- Exercise requirements -
Keyword search on "meters": report each line of the records that contains it.

- Provided information -
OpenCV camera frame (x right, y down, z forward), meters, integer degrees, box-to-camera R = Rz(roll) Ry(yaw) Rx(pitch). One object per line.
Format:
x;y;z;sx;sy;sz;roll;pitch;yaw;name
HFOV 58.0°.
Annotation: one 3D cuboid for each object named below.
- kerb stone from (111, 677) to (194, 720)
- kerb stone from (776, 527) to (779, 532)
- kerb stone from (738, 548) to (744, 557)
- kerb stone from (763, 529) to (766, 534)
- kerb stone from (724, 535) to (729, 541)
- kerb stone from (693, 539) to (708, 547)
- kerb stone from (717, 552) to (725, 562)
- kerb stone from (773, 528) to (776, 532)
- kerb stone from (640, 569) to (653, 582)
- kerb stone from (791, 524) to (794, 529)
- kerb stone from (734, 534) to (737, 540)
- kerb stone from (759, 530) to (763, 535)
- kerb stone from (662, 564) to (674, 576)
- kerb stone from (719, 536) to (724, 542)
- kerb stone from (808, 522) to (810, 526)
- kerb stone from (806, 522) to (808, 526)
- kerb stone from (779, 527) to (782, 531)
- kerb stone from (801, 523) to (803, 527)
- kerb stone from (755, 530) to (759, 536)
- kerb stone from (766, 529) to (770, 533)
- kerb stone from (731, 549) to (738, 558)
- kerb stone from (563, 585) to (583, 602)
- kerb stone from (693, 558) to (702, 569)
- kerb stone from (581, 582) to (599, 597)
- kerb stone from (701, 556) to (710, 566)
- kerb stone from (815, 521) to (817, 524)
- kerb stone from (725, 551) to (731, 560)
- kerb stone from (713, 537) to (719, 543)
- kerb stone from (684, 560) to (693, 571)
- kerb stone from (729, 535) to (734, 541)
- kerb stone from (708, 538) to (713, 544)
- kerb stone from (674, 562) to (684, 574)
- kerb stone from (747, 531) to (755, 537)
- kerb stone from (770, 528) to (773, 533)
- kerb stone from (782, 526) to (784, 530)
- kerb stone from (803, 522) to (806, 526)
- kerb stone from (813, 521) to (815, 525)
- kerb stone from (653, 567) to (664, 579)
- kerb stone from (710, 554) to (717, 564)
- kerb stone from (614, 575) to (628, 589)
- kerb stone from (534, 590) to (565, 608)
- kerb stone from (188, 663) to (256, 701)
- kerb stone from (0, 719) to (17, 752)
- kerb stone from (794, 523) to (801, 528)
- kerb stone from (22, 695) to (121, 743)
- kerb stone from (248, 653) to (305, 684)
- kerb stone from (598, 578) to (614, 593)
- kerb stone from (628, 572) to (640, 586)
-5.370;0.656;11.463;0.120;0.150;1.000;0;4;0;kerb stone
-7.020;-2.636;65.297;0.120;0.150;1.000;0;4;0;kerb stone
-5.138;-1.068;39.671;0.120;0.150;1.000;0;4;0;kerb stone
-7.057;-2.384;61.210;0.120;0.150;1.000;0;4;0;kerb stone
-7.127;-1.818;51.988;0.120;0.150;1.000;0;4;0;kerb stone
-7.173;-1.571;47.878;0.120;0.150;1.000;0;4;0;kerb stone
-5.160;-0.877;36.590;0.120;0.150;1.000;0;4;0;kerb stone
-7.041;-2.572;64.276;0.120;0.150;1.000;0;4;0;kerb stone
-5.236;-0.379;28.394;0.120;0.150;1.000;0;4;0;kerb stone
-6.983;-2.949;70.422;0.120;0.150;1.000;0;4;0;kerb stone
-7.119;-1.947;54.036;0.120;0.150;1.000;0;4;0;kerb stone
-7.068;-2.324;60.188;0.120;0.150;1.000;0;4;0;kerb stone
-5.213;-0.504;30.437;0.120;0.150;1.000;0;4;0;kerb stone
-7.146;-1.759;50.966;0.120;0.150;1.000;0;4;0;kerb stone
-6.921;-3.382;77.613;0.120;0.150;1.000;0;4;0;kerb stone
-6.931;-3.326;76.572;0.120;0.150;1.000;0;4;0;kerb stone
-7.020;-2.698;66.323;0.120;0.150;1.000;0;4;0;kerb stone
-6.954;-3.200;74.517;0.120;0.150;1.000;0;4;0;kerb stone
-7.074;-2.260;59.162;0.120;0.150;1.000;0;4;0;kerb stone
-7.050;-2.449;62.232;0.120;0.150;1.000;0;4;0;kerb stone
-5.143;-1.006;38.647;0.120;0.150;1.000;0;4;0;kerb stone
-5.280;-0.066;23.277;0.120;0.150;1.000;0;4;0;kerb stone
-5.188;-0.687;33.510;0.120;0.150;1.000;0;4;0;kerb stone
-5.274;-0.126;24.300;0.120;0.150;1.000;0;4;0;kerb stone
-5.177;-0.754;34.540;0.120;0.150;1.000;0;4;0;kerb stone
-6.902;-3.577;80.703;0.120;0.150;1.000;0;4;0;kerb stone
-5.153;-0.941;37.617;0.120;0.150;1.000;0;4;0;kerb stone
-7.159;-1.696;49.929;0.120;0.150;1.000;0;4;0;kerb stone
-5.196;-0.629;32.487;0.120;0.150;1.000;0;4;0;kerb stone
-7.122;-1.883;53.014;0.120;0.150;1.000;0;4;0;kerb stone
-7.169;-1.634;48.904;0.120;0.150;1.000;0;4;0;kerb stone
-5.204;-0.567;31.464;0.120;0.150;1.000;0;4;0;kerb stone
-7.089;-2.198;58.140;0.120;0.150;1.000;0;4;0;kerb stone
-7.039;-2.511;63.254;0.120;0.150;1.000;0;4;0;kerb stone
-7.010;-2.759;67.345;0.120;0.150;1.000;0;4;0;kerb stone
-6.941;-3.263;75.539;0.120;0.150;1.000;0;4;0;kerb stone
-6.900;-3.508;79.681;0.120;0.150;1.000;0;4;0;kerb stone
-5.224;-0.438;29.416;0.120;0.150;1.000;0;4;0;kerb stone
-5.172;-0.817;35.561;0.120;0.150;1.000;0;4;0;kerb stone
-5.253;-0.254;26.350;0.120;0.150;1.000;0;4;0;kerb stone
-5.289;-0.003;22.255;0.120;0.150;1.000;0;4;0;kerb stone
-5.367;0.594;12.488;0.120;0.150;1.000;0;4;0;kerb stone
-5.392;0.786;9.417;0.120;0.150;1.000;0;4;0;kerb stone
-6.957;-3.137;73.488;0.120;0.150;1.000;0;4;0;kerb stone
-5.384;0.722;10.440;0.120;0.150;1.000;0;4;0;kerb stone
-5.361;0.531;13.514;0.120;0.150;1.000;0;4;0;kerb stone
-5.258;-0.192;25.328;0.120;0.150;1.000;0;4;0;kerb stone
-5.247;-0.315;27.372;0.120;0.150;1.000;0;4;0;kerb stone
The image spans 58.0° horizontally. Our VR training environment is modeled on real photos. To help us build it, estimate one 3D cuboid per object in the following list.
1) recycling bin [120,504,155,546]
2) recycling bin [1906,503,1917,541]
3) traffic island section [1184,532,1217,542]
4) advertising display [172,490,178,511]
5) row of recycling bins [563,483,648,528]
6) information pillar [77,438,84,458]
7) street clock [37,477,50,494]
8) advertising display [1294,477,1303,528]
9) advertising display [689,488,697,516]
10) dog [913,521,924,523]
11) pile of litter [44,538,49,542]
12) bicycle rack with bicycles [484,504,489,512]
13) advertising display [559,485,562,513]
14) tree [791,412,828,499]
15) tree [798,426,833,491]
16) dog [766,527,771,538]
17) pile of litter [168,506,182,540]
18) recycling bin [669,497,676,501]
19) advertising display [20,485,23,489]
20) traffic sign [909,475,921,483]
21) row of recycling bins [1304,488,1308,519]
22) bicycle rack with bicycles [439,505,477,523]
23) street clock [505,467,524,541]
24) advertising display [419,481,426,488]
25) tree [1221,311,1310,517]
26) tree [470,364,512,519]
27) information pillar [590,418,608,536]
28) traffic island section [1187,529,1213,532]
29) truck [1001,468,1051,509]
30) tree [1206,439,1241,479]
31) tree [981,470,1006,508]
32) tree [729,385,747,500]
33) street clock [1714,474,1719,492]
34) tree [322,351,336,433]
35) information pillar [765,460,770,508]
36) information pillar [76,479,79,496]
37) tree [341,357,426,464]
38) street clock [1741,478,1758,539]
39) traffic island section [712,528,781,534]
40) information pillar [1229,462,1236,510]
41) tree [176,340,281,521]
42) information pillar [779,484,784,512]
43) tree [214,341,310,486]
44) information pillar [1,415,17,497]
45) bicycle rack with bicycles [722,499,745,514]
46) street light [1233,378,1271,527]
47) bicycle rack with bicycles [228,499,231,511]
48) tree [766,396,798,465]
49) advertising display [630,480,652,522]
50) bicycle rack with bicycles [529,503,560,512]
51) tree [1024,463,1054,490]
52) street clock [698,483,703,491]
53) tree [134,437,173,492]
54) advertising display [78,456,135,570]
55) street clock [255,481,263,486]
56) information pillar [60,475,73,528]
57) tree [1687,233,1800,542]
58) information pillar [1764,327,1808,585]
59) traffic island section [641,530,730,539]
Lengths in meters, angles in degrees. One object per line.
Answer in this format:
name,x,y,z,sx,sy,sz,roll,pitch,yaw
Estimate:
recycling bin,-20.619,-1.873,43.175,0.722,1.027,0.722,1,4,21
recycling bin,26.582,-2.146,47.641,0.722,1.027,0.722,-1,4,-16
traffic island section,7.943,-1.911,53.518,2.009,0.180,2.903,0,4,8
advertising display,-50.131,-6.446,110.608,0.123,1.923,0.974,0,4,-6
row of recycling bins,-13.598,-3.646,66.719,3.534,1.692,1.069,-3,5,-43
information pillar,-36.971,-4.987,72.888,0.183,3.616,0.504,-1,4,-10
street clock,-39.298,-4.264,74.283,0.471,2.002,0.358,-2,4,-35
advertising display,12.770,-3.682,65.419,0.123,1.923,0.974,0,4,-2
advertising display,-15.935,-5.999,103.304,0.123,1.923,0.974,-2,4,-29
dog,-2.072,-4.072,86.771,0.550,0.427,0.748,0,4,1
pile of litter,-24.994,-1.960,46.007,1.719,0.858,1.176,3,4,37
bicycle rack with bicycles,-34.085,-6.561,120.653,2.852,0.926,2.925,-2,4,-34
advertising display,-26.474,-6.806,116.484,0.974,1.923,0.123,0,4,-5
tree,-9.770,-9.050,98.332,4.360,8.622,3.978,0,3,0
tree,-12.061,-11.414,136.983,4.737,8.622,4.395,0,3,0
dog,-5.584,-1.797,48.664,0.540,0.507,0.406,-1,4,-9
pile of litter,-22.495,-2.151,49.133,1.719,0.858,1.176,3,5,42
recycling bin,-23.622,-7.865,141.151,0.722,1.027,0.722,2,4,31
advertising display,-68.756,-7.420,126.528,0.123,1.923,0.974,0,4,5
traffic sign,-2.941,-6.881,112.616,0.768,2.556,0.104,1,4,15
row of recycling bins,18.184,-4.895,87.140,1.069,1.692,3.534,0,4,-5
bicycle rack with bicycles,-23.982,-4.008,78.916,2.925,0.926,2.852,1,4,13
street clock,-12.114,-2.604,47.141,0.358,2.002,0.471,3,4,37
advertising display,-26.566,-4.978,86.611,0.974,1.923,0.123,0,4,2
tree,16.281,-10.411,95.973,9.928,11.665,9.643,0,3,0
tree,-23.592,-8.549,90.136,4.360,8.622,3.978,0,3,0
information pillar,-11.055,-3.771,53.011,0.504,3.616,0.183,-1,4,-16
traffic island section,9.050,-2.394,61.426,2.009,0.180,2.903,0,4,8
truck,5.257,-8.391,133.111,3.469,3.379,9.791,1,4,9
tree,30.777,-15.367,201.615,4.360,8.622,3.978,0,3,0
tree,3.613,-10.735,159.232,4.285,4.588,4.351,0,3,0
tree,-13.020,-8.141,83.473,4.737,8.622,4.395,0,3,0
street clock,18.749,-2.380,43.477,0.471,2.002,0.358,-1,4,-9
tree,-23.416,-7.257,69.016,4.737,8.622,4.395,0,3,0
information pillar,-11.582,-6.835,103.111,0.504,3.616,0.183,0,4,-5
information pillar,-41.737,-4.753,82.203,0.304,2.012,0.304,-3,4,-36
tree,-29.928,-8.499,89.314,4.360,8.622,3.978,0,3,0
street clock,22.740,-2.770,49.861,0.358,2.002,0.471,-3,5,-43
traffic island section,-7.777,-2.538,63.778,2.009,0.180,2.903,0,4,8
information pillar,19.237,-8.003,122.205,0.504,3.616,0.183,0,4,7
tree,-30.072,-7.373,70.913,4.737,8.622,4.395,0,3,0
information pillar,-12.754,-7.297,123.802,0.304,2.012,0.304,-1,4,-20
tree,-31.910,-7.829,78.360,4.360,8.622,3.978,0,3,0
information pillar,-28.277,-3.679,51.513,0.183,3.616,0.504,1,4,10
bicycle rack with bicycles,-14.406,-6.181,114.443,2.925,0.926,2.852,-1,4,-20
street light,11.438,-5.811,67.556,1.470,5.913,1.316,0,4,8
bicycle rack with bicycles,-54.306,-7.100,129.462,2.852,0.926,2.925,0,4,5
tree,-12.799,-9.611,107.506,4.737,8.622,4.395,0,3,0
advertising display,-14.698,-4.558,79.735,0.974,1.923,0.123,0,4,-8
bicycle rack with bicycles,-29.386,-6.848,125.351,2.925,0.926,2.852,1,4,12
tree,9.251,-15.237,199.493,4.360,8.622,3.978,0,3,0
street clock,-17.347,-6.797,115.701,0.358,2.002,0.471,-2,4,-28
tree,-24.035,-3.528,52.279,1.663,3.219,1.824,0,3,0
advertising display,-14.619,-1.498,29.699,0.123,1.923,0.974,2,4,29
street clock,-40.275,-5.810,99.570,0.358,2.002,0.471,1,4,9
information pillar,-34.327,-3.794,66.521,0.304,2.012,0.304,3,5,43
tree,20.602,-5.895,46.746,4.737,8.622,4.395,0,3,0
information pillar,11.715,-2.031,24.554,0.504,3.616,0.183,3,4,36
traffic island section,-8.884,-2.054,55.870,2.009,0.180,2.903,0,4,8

- Exercise result -
OpenCV camera frame (x right, y down, z forward), meters, integer degrees, box-to-camera R = Rz(roll) Ry(yaw) Rx(pitch). One object per line.
Lengths in meters, angles in degrees. One object per line.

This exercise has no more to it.